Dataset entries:
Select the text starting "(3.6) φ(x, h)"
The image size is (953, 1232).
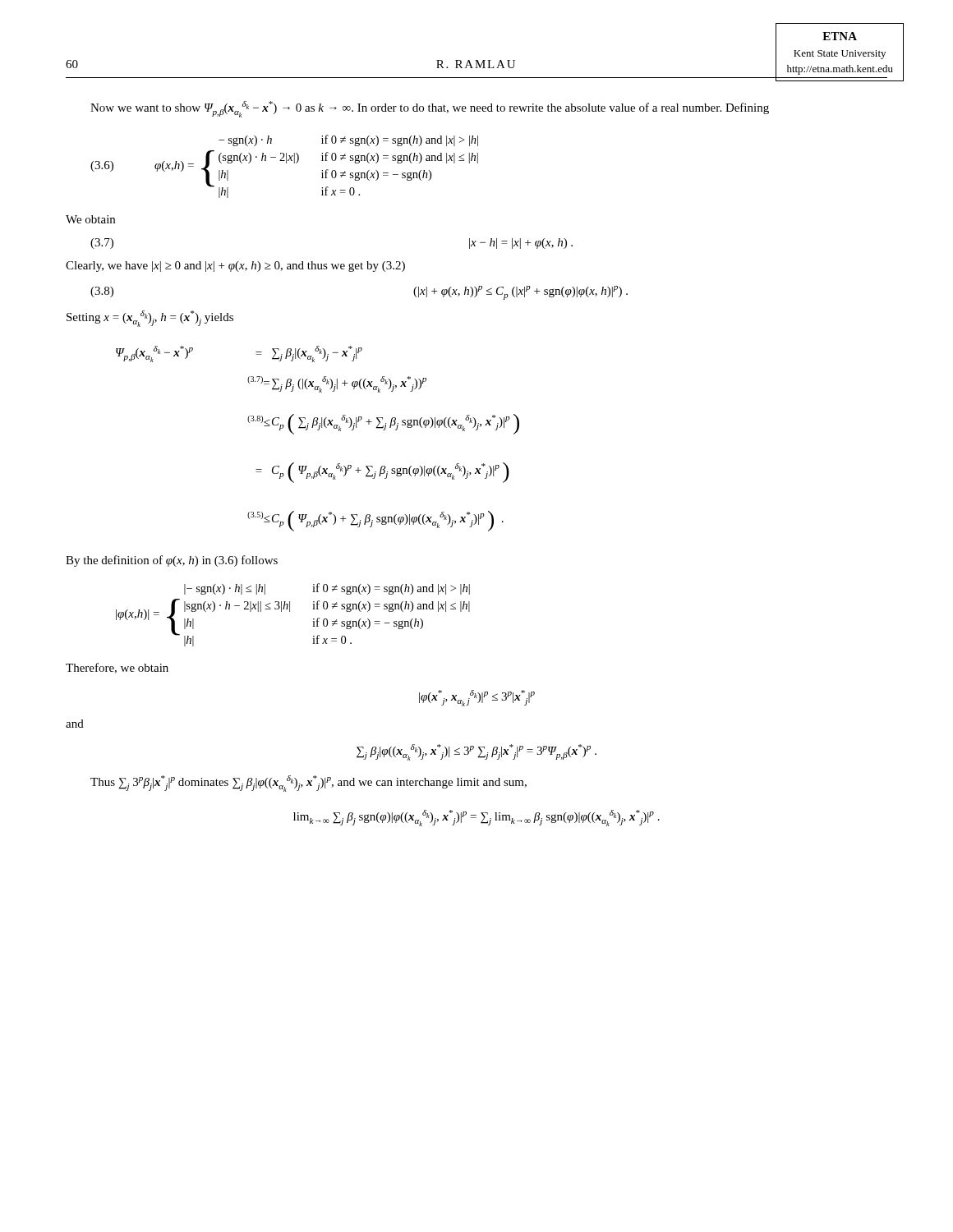(285, 166)
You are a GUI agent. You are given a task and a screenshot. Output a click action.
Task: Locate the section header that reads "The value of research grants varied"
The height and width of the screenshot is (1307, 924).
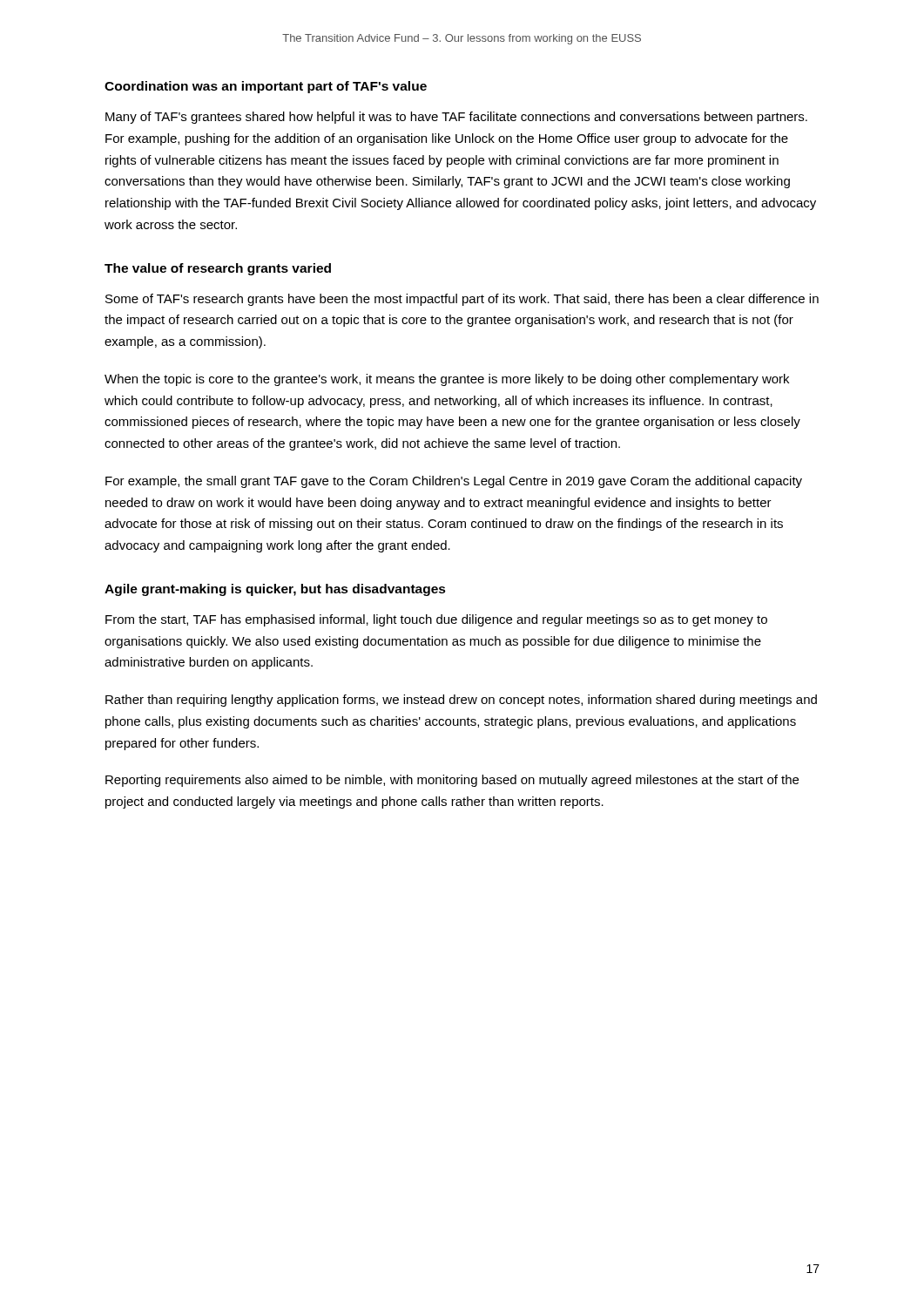pos(218,267)
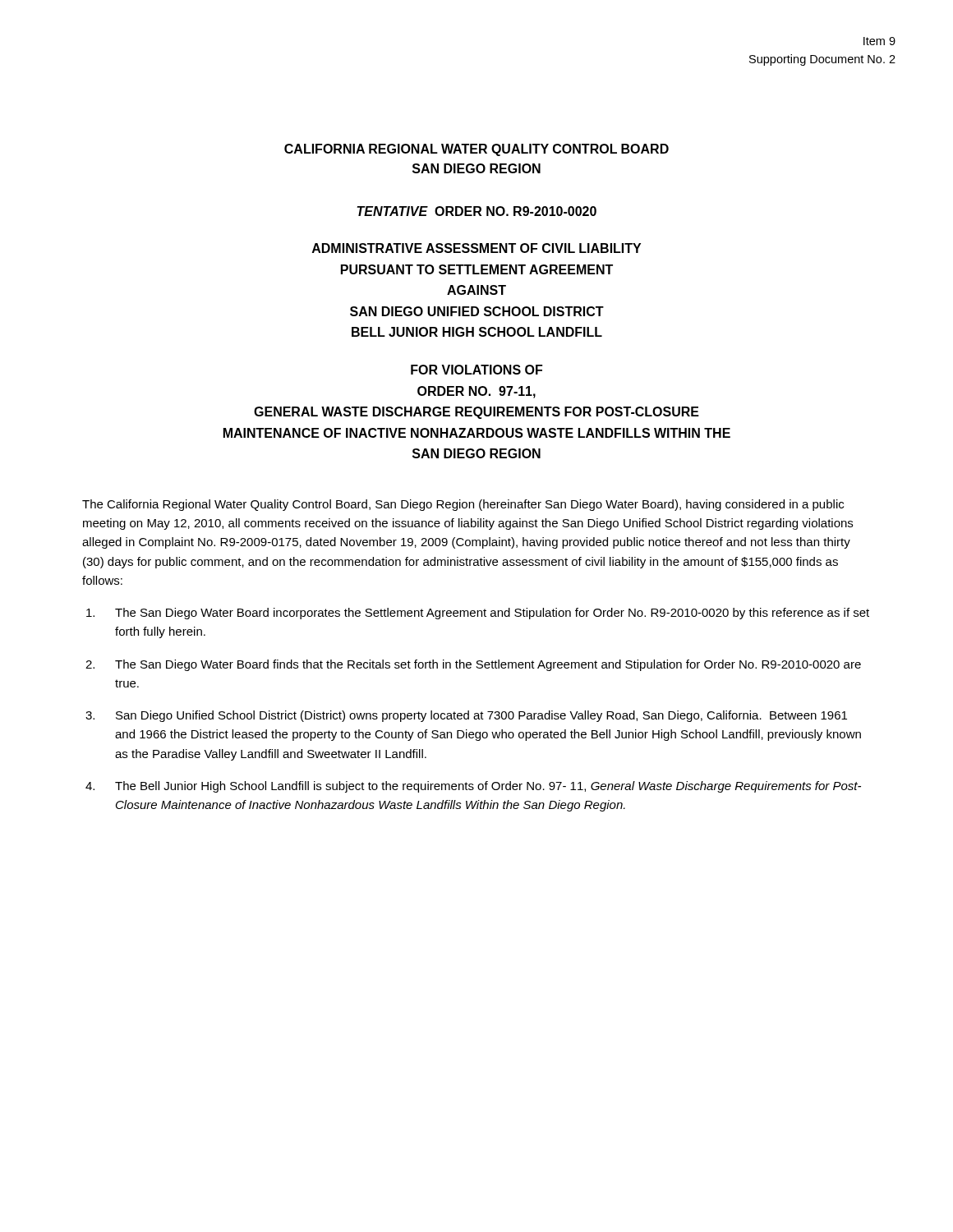Viewport: 953px width, 1232px height.
Task: Find the text block starting "ADMINISTRATIVE ASSESSMENT OF CIVIL LIABILITY"
Action: tap(476, 291)
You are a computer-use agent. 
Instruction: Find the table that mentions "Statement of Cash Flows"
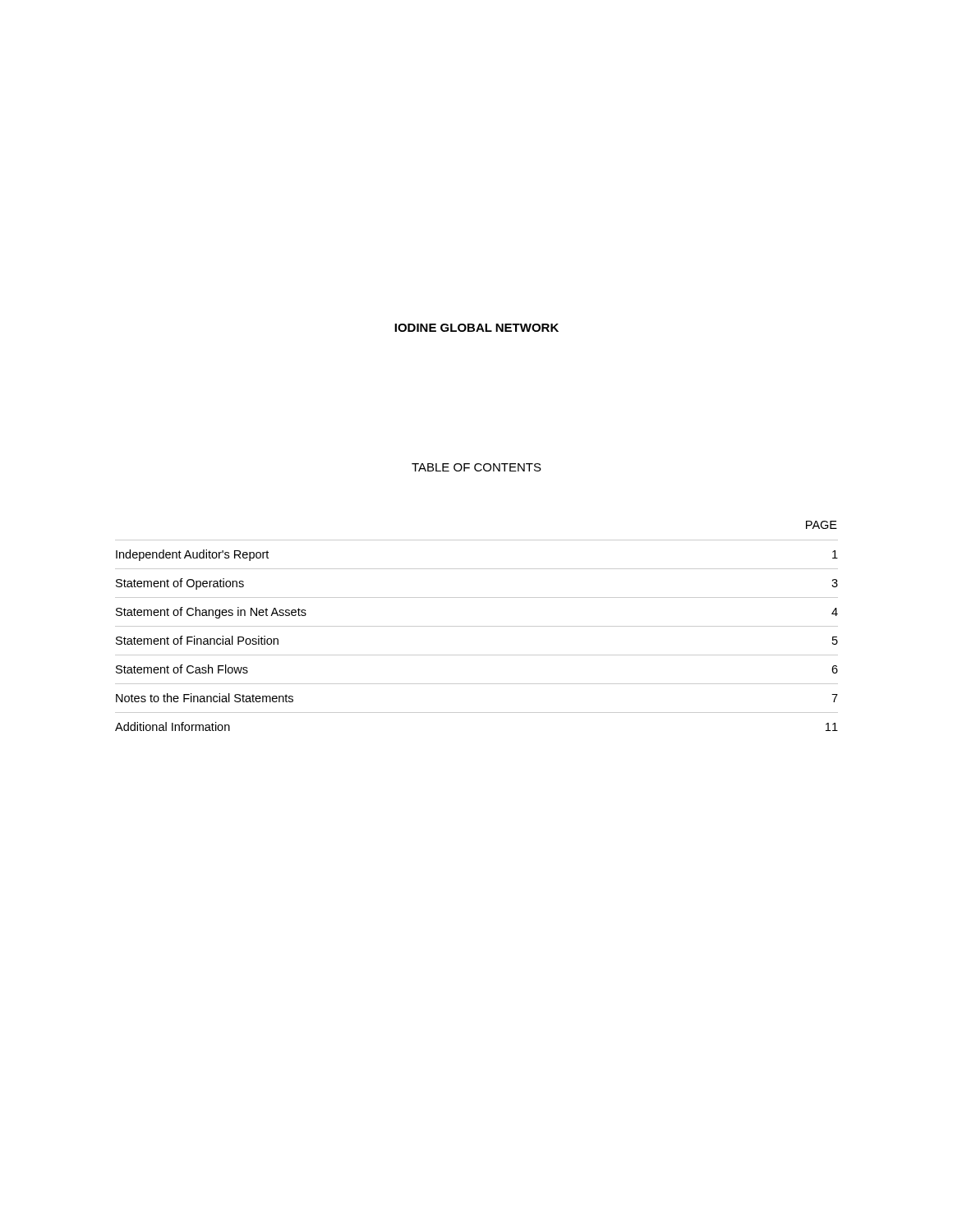pos(476,629)

• **Exercise goal**
Copy every line above exactly; images stay out.

• **Your solution**
Select the text starting "(3.6) φ(x, h)"
The image size is (953, 1232).
(285, 166)
You are a GUI agent. You are given a task and a screenshot. Output a click action.
Task: Locate the section header that reads "The value of research grants varied"
The height and width of the screenshot is (1307, 924).
pos(218,267)
Viewport: 953px width, 1232px height.
Task: Find the text block starting "ADMINISTRATIVE ASSESSMENT OF CIVIL LIABILITY"
Action: tap(476, 291)
You are a computer-use agent. 
Instruction: Find the table that mentions "Statement of Cash Flows"
pos(476,629)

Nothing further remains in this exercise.